### Problem statement
Retype the whole of the data exactly.

::::

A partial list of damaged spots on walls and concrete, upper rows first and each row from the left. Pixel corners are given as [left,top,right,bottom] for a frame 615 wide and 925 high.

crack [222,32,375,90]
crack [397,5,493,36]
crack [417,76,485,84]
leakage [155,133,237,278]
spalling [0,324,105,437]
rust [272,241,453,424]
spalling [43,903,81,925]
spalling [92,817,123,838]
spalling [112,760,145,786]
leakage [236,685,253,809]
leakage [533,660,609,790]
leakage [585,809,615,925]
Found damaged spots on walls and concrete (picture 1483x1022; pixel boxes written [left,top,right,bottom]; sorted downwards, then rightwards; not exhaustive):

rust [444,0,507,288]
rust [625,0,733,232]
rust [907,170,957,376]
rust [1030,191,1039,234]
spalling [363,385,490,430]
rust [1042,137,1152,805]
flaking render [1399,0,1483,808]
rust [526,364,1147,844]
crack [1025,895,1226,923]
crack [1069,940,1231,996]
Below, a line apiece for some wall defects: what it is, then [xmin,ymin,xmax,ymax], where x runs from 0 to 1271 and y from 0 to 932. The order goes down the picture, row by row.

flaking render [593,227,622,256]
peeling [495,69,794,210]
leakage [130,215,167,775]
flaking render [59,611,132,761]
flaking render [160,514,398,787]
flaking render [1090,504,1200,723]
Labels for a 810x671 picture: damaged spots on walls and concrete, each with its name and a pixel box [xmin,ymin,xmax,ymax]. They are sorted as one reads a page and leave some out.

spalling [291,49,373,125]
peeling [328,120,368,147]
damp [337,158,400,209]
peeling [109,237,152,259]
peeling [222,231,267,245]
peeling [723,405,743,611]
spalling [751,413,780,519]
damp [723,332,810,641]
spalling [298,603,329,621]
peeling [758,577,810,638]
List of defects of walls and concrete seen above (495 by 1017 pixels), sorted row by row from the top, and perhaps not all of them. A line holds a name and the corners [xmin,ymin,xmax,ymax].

::::

### Written answer
A partial list of damaged spots on walls and concrete, upper rows first and each row from the left. Pixel corners are given as [left,top,right,bottom] for a frame 615 wide and 925 high.

crack [222,32,375,90]
crack [397,5,493,36]
crack [417,76,485,84]
leakage [155,133,237,278]
spalling [0,324,105,437]
rust [272,241,453,424]
spalling [43,903,81,925]
spalling [92,817,123,838]
spalling [112,760,145,786]
leakage [236,685,253,809]
leakage [533,660,609,790]
leakage [585,809,615,925]
Found damaged spots on walls and concrete (picture 1483x1022; pixel boxes written [left,top,right,bottom]; sorted downwards, then rightwards; not exhaustive):

rust [444,0,507,288]
rust [625,0,733,232]
rust [907,170,957,376]
rust [1030,191,1039,234]
spalling [363,385,490,430]
rust [1042,137,1152,805]
flaking render [1399,0,1483,808]
rust [526,364,1147,844]
crack [1025,895,1226,923]
crack [1069,940,1231,996]
Below, a line apiece for some wall defects: what it is, then [xmin,ymin,xmax,ymax], where x runs from 0 to 1271 and y from 0 to 932. The order goes down the picture, row by row.

flaking render [593,227,622,256]
peeling [495,69,794,210]
leakage [130,215,167,775]
flaking render [59,611,132,761]
flaking render [160,514,398,787]
flaking render [1090,504,1200,723]
Labels for a 810x671 picture: damaged spots on walls and concrete, each with its name and a pixel box [xmin,ymin,xmax,ymax]. They are sorted as one reads a page and leave some out.

spalling [291,49,373,125]
peeling [328,120,368,147]
damp [337,158,400,209]
peeling [109,237,152,259]
peeling [222,231,267,245]
peeling [723,405,743,611]
spalling [751,413,780,519]
damp [723,332,810,641]
spalling [298,603,329,621]
peeling [758,577,810,638]
List of defects of walls and concrete seen above (495 by 1017 pixels), sorted row by row from the top, and perhaps not all of them. A line holds a name and the corners [xmin,ymin,xmax,ymax].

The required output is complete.